(EXERCISE) Word for word, quote the lines from the one containing "Answer yes or no. Yes. Is Orchid less" to the end of the entries below, including both. Leave pictures out.

----

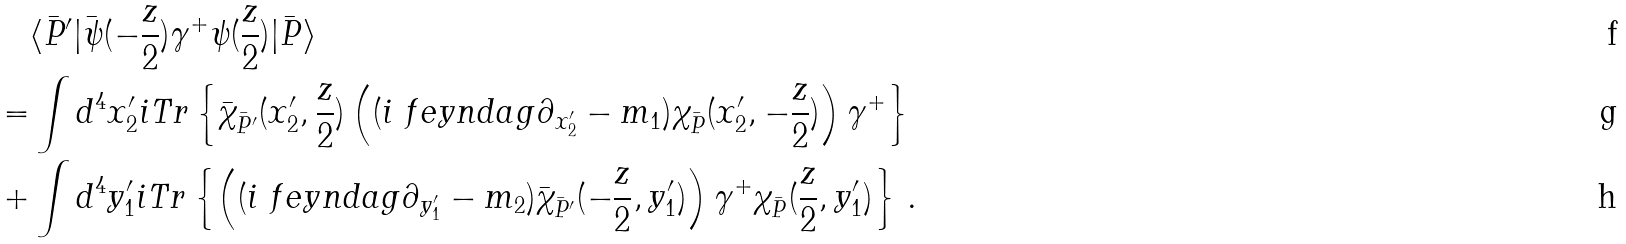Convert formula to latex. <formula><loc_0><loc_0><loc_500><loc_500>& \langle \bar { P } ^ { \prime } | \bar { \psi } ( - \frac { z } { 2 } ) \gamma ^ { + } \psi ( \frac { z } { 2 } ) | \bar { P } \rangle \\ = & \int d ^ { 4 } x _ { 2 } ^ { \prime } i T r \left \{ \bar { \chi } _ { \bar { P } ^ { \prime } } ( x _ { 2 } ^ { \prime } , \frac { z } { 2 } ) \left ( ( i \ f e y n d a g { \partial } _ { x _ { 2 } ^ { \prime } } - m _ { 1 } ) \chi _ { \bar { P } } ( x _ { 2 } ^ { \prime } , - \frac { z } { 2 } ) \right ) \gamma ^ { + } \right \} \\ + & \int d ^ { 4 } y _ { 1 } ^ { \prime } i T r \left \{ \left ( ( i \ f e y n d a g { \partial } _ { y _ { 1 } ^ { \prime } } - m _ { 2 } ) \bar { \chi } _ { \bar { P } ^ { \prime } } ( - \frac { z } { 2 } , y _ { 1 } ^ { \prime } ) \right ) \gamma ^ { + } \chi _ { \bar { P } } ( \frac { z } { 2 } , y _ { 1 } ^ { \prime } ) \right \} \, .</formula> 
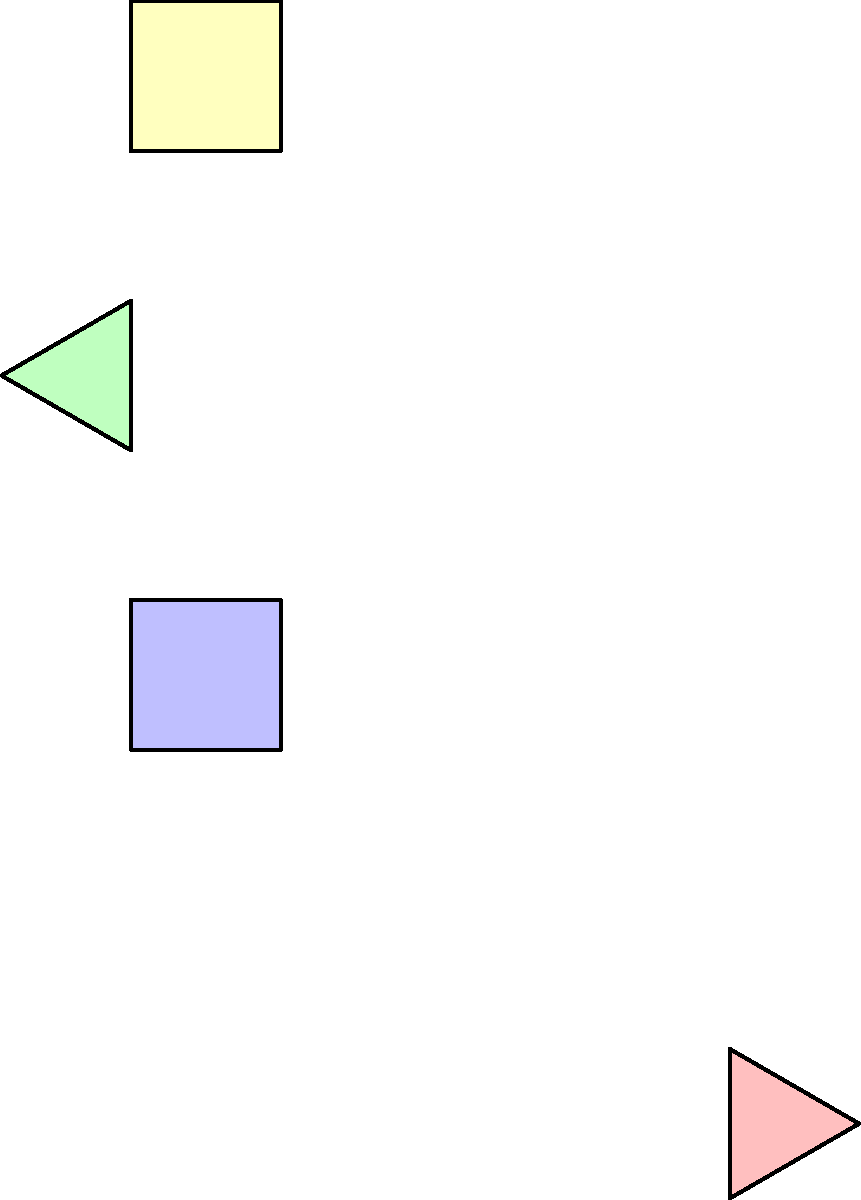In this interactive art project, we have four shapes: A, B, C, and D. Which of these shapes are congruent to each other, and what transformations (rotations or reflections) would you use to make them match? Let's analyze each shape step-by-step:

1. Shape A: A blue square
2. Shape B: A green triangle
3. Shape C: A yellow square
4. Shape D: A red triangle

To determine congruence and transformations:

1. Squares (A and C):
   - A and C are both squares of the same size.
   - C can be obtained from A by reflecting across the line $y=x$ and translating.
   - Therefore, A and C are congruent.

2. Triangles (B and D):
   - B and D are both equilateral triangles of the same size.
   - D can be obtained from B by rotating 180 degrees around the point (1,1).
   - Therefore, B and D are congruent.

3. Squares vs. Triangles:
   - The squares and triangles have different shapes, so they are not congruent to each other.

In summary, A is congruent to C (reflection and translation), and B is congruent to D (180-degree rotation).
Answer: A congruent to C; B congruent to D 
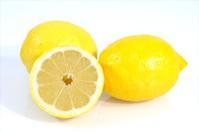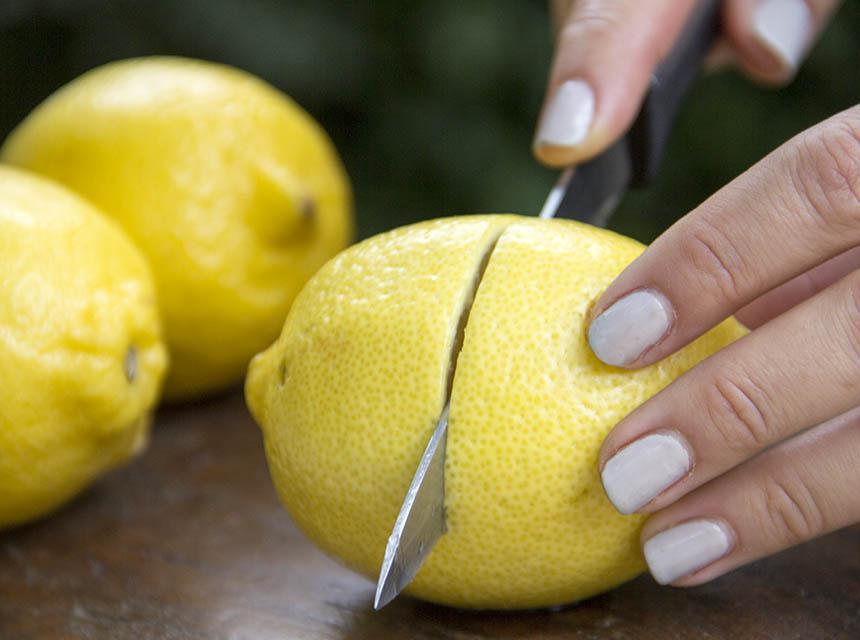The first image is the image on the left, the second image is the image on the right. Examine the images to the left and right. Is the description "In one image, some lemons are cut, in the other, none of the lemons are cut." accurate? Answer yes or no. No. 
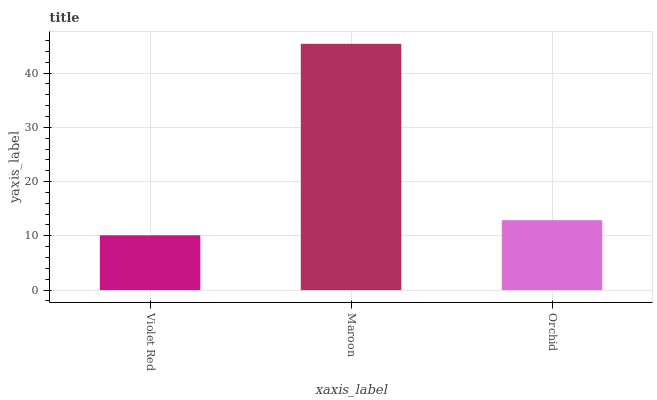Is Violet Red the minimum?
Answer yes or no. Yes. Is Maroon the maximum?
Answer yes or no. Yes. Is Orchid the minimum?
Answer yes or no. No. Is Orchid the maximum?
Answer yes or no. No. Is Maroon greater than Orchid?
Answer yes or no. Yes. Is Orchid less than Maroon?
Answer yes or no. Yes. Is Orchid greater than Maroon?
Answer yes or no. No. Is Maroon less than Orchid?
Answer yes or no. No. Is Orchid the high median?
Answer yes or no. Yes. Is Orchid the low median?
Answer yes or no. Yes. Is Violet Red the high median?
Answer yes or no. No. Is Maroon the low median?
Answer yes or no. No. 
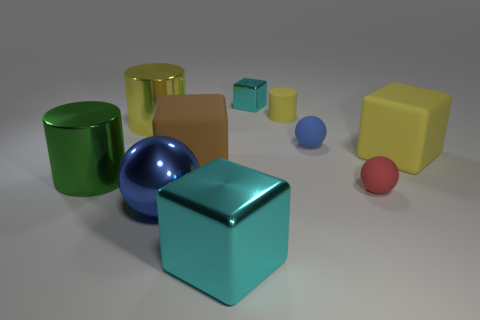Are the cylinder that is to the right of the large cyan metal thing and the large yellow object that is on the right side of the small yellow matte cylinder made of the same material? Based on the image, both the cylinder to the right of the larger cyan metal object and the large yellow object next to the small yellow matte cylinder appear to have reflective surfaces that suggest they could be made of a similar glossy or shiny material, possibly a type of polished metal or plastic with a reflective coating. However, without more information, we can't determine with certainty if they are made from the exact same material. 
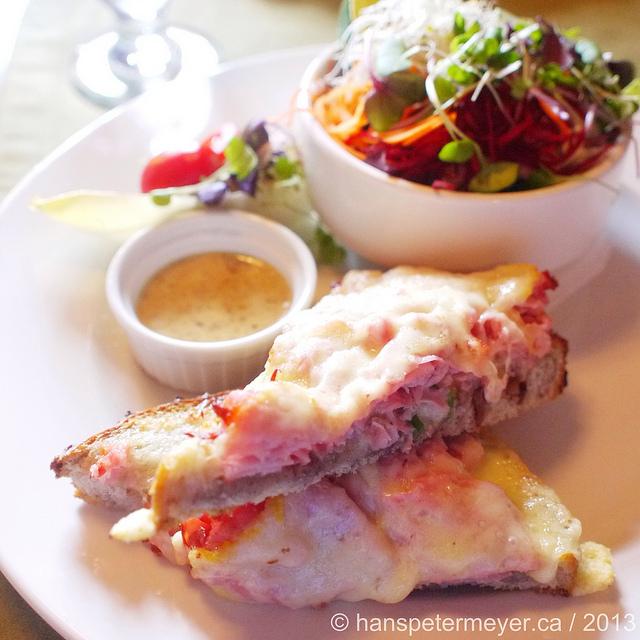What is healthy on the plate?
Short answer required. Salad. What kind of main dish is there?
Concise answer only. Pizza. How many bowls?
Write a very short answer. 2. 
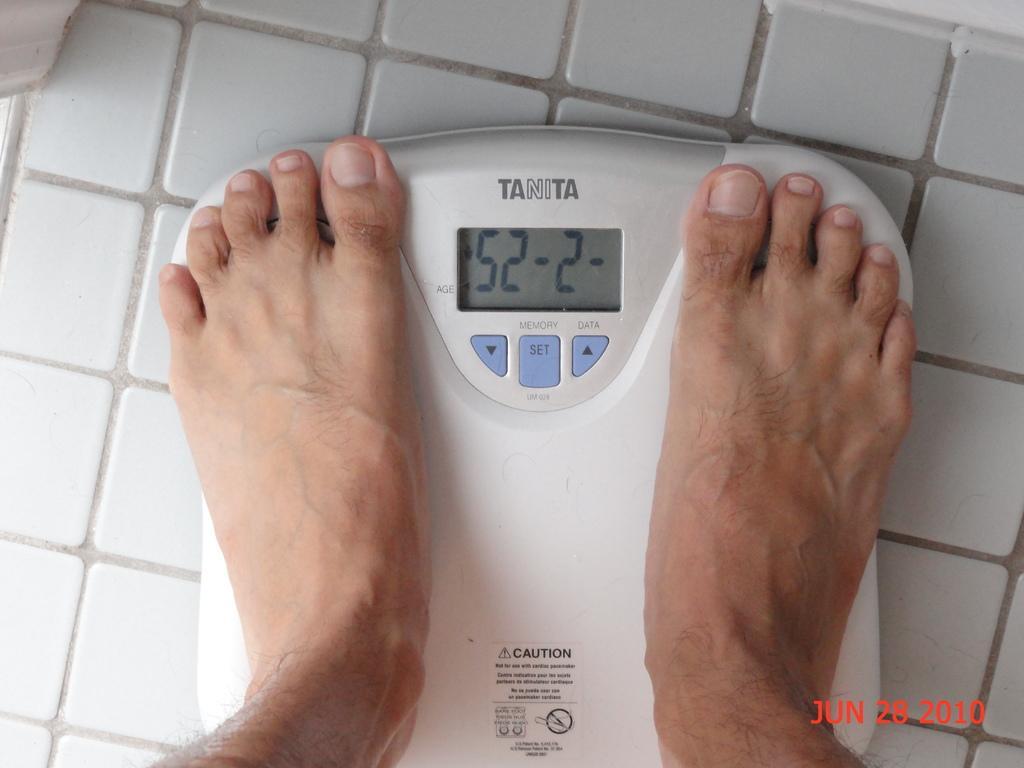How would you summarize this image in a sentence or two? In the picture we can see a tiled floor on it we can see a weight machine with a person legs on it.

----

(ANSWER BOX)
Answer yes or no. Yes. Is Orchid less than Maroon?
Answer yes or no. Yes. Is Orchid greater than Maroon?
Answer yes or no. No. Is Maroon less than Orchid?
Answer yes or no. No. Is Orchid the high median?
Answer yes or no. Yes. Is Orchid the low median?
Answer yes or no. Yes. Is Violet Red the high median?
Answer yes or no. No. Is Maroon the low median?
Answer yes or no. No. 
Are the cylinder that is to the right of the large cyan metal thing and the large yellow object that is on the right side of the small yellow matte cylinder made of the same material? Based on the image, both the cylinder to the right of the larger cyan metal object and the large yellow object next to the small yellow matte cylinder appear to have reflective surfaces that suggest they could be made of a similar glossy or shiny material, possibly a type of polished metal or plastic with a reflective coating. However, without more information, we can't determine with certainty if they are made from the exact same material. 
What is healthy on the plate?
Short answer required. Salad. What kind of main dish is there?
Concise answer only. Pizza. How many bowls?
Write a very short answer. 2. 
How would you summarize this image in a sentence or two? In the picture we can see a tiled floor on it we can see a weight machine with a person legs on it.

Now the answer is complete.